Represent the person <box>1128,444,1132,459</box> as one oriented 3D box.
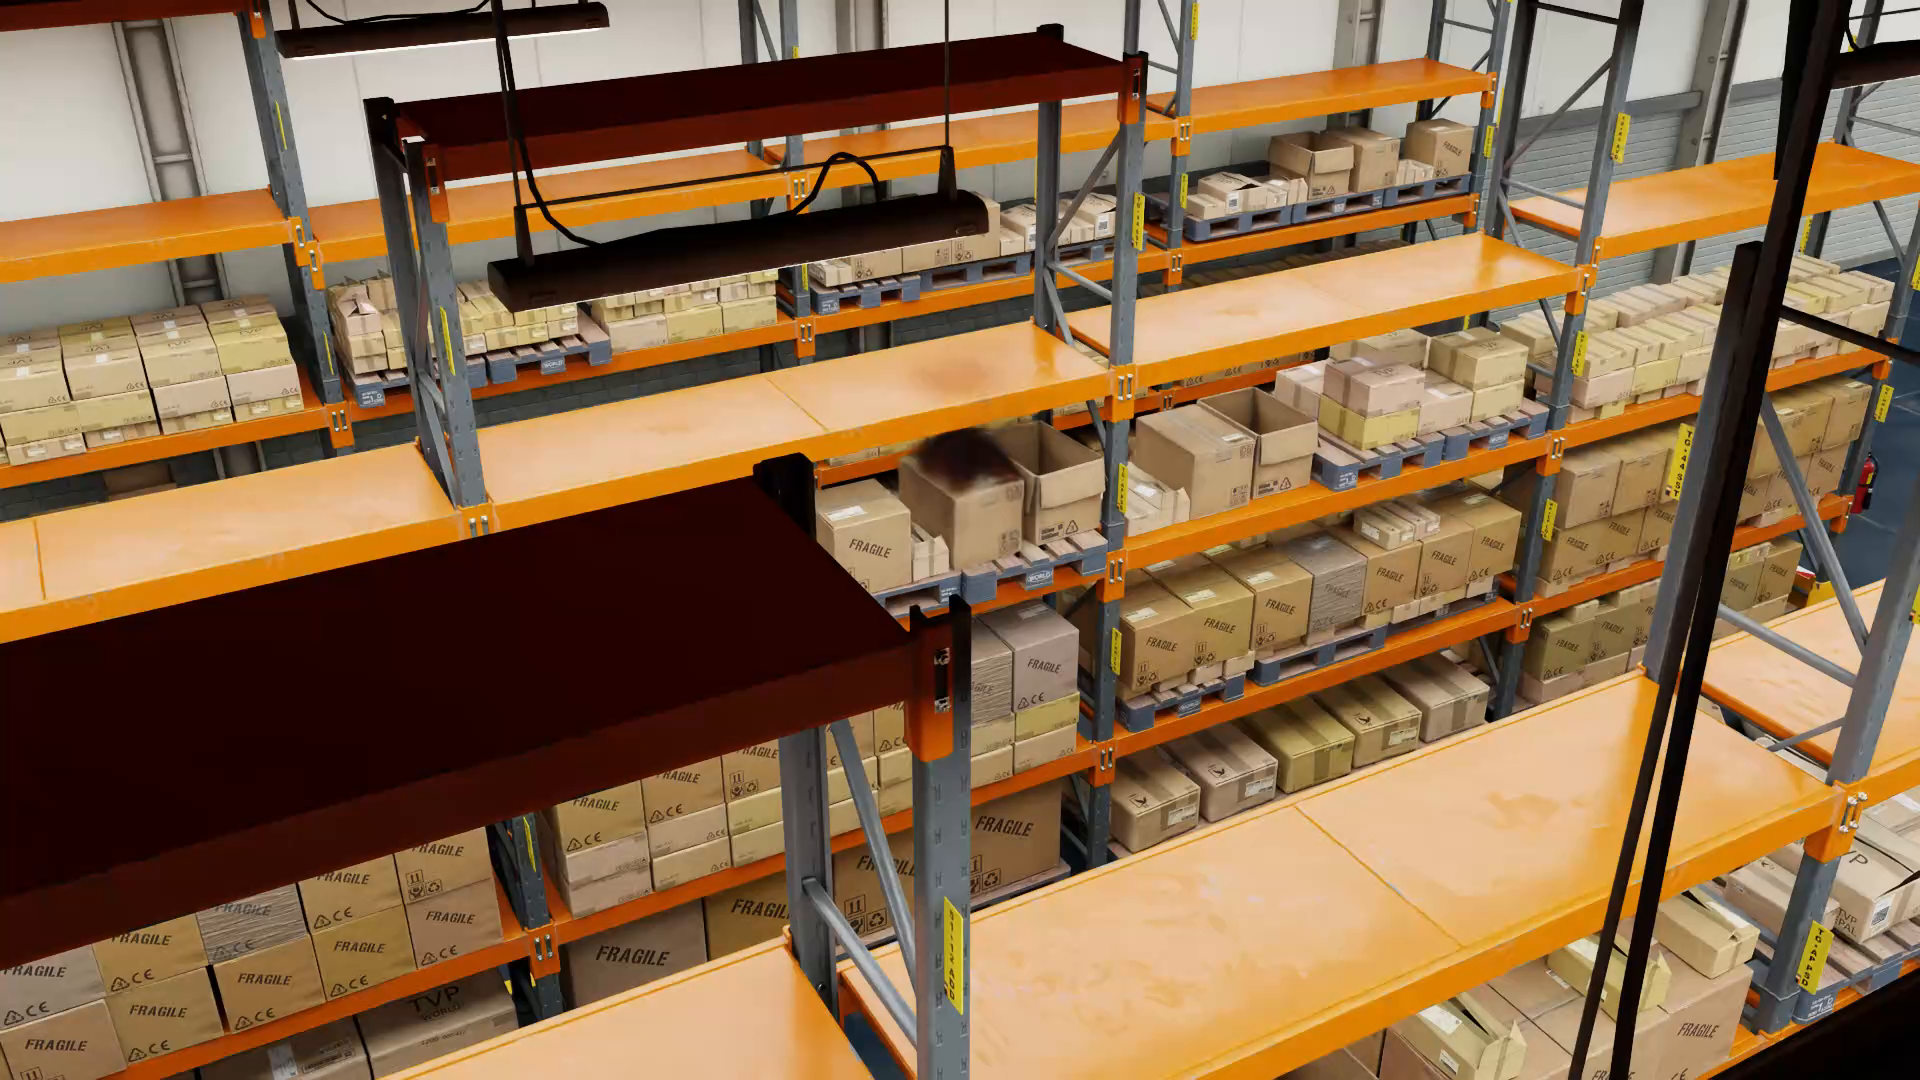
[{"bbox_3d":[1.426,-0.205,15.658,0.841,1.533,0.465,-21,34,-34],"label":"person"}]
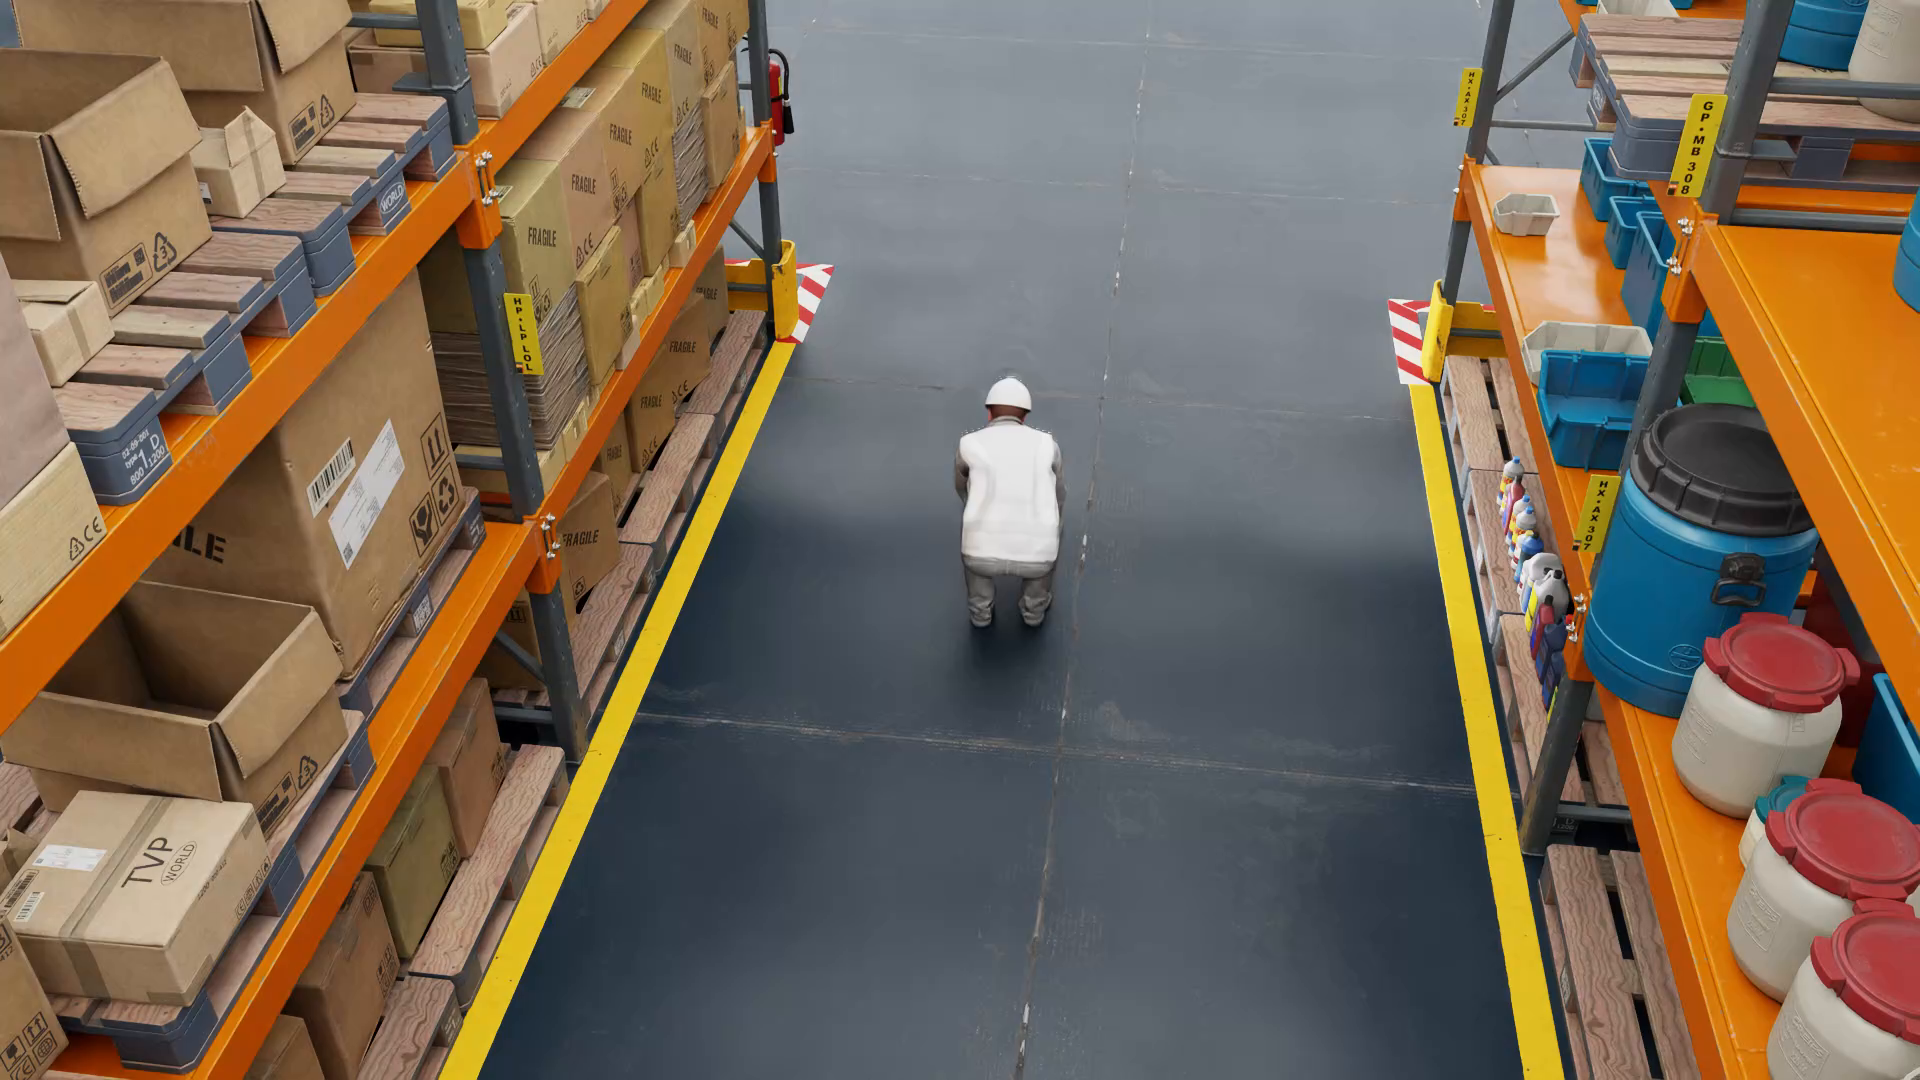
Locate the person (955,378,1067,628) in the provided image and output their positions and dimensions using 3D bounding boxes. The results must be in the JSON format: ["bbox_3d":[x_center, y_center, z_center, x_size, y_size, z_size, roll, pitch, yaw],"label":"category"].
- - - -
Pictures aside, please output the whole listing exactly as it appears above.

• [Task result]:
Represent the person <box>1128,444,1132,459</box> as one oriented 3D box.
[{"bbox_3d":[1.426,-0.205,15.658,0.841,1.533,0.465,-21,34,-34],"label":"person"}]
Locate the person (955,378,1067,628) in the provided image and output their positions and dimensions using 3D bounding boxes. The results must be in the JSON format: ["bbox_3d":[x_center, y_center, z_center, x_size, y_size, z_size, roll, pitch, yaw],"label":"category"].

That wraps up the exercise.